Impairment identification and localization (where in the delivery chain are the impairments originating)
We can localize any video quality issue if we are at the appropriate points. The current monitoring setup for benchmarking streaming services "watches" content with software probes like viewers do at the last point of a delivery chain. The score does not localize drops in video quality (if the drops are due to bad sources or poor compression, to do that we need to monitor at upstream points in the workflow) but it does identify what viewers are perceiving, which is a great first step towards improving viewer experience. Based on our vast experience in content delivery chains and perceptual quality assessment, we can predict where an issue may be originating from after a deeper analysis of impairments.
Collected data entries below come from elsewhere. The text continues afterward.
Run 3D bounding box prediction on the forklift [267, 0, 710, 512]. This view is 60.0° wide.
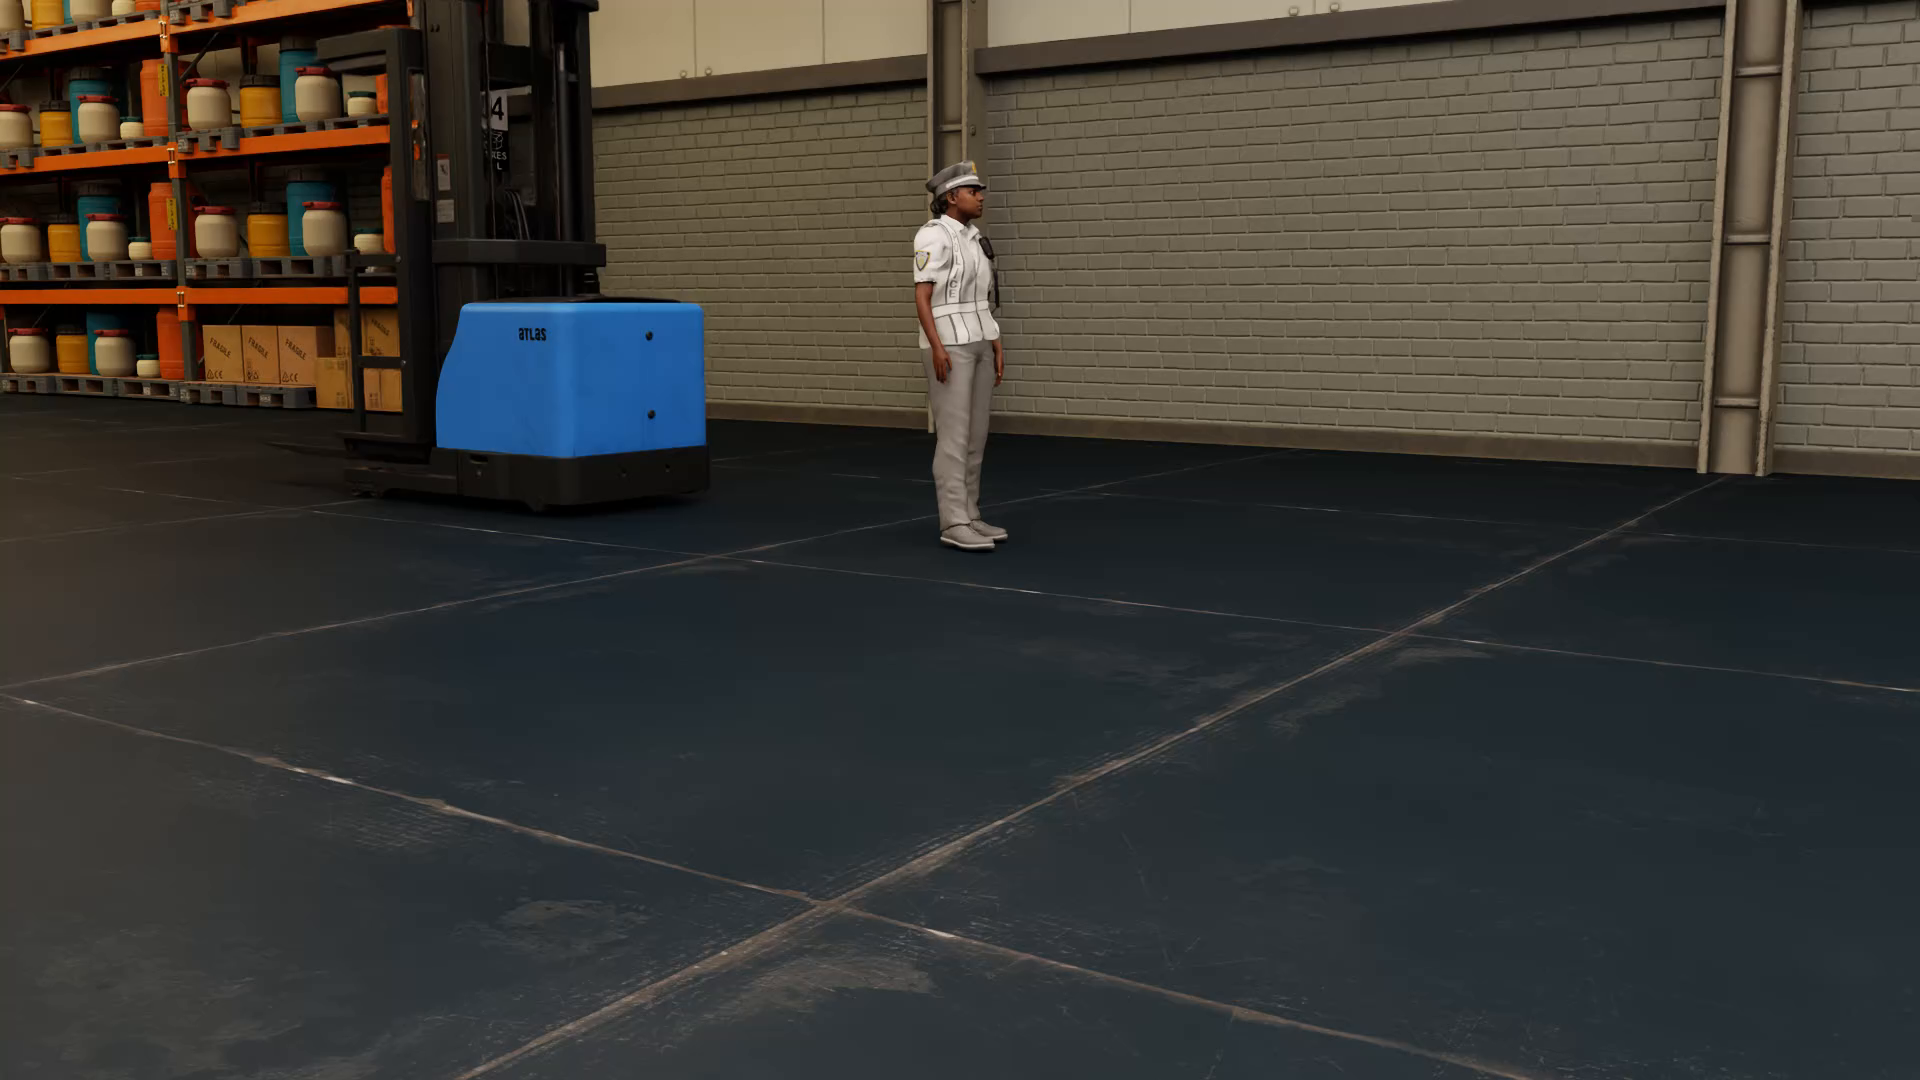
[{"bbox_3d":[-2.843,-1.733,9.380,3.031,2.935,1.130,6,10,37],"label":"forklift"}]

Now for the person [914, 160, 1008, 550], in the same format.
[{"bbox_3d":[0.051,-0.838,7.425,0.528,1.695,0.569,5,10,34],"label":"person"}]
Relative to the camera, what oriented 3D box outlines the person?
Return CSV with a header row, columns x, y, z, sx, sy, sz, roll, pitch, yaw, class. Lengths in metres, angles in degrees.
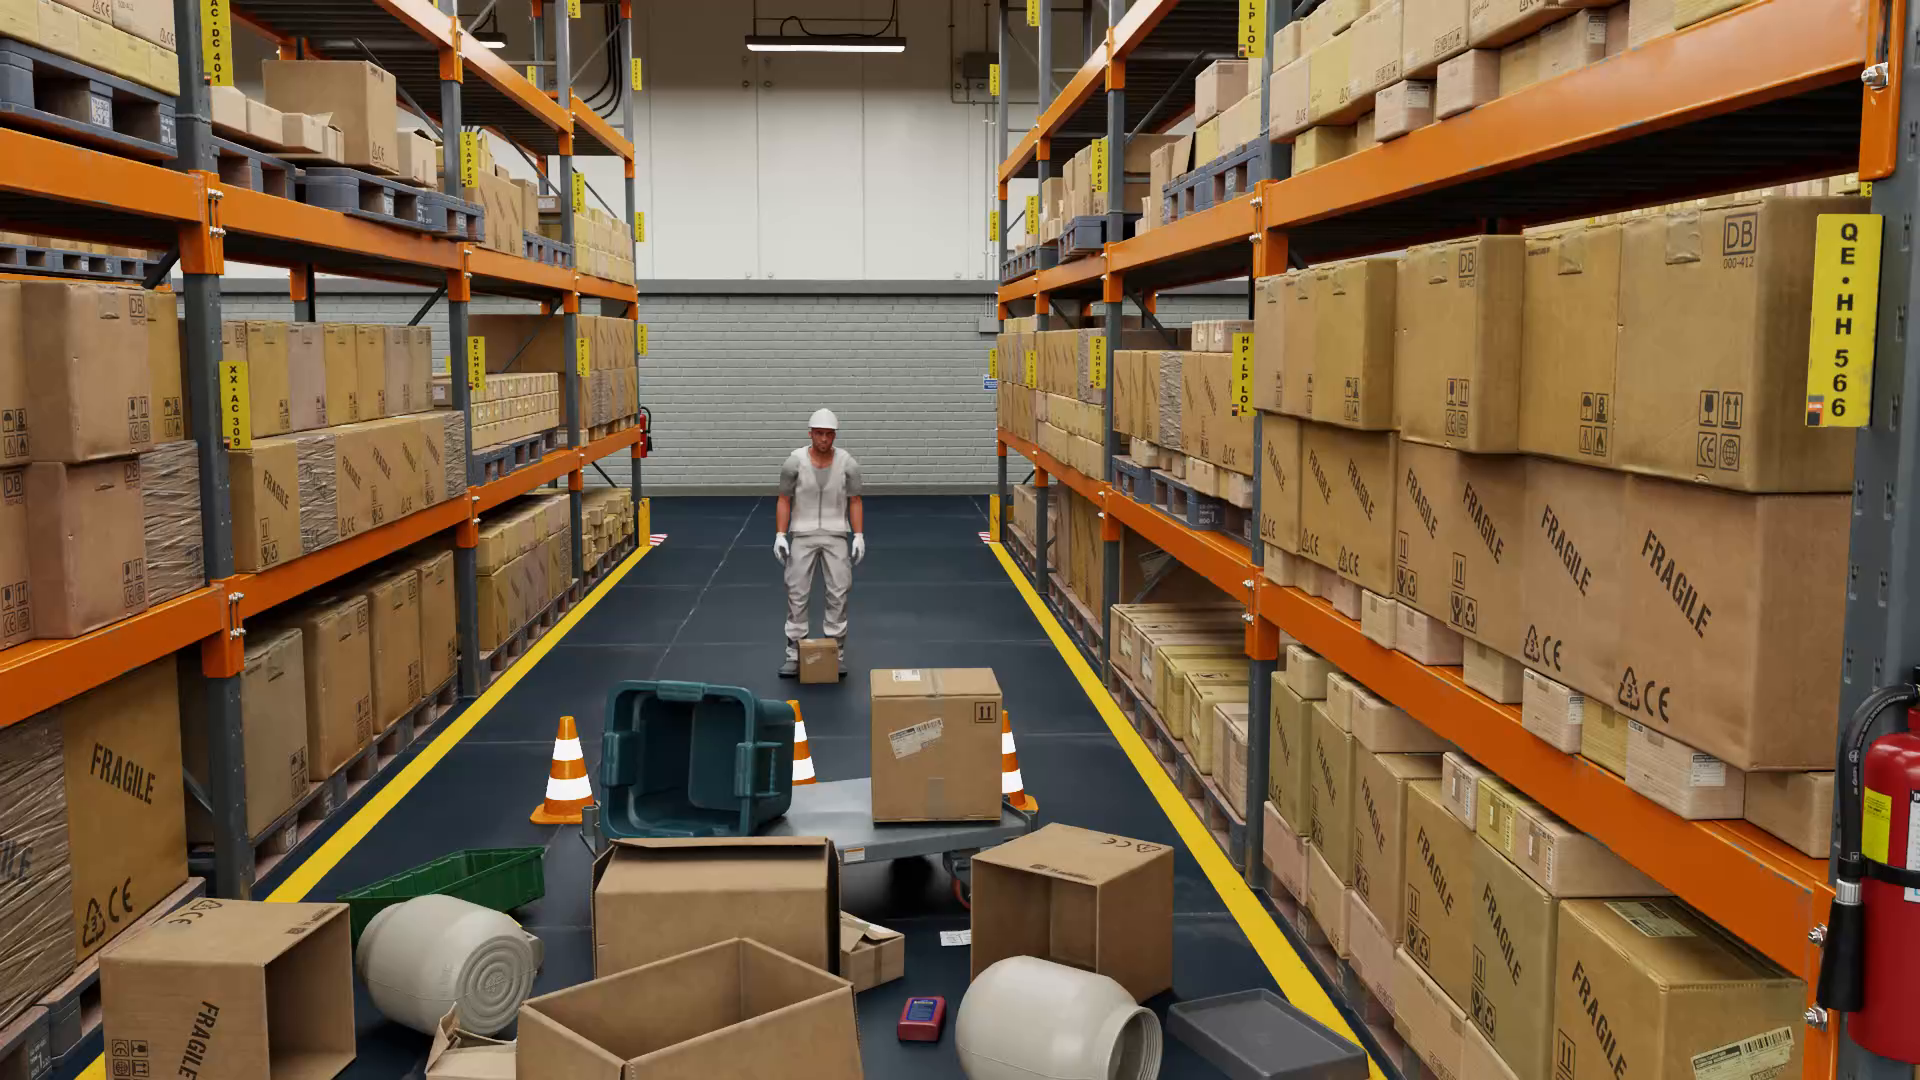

- Technical specs (resolutions, codec, bitrate)
The services we compared are monitored at the highest resolution they are capable of delivering and forcing that resolution in respective apps while ensuring that the setup supports very high bitrates. Sports streaming services generally deliver at 1280x720, 1920x1080, and 3840x2160 resolutions at 59.94 or 60 frames per second. The most common codec used is H.264/AVC. The most common ABR standard is MPEG-DASH. Typically bitrates are between 5 and 9 Mbps using variable bitrate approaches.
- Other measurement considerations
SSIMPLUS scores are device adaptive. The data presented in the blog posts correspond to a viewer experience on a 65" 4K TV. Higher resolutions do benefit from higher content detail, if available. 4K resolution has a much higher likelihood to get to a 100 SVS and it would get to a 100 when there are no perceptually visible impairments in the content.
The scores provided in this blog are overall scores across the event. We have in-depth per-second and per-frame scores that show quality variation across content.
- How does the score compare from game to game or content to content?
The score considers saliency by modeling visual attention when assessing perceptual quality. Generally speaking, impairments in areas that matter more to viewers drag the score down further than impairments in areas that do not matter as much. As a result of this unique ability of the score, baseball scores are comparable to F1 scores and to any other sport we monitor.
How are the screen captures taken and what do their scores actually show?
Content is scored in raw format, in real-time, using HDMI capture cards. Content shared in this blog are frames extracted from the captures triggered based on quality thresholds. The scores for the frames presented in this blog post are “video scores” measuring overall video quality when a specific frame is played on a 4K 65” TV screen and not the score just for the exact frame, which can also be provided.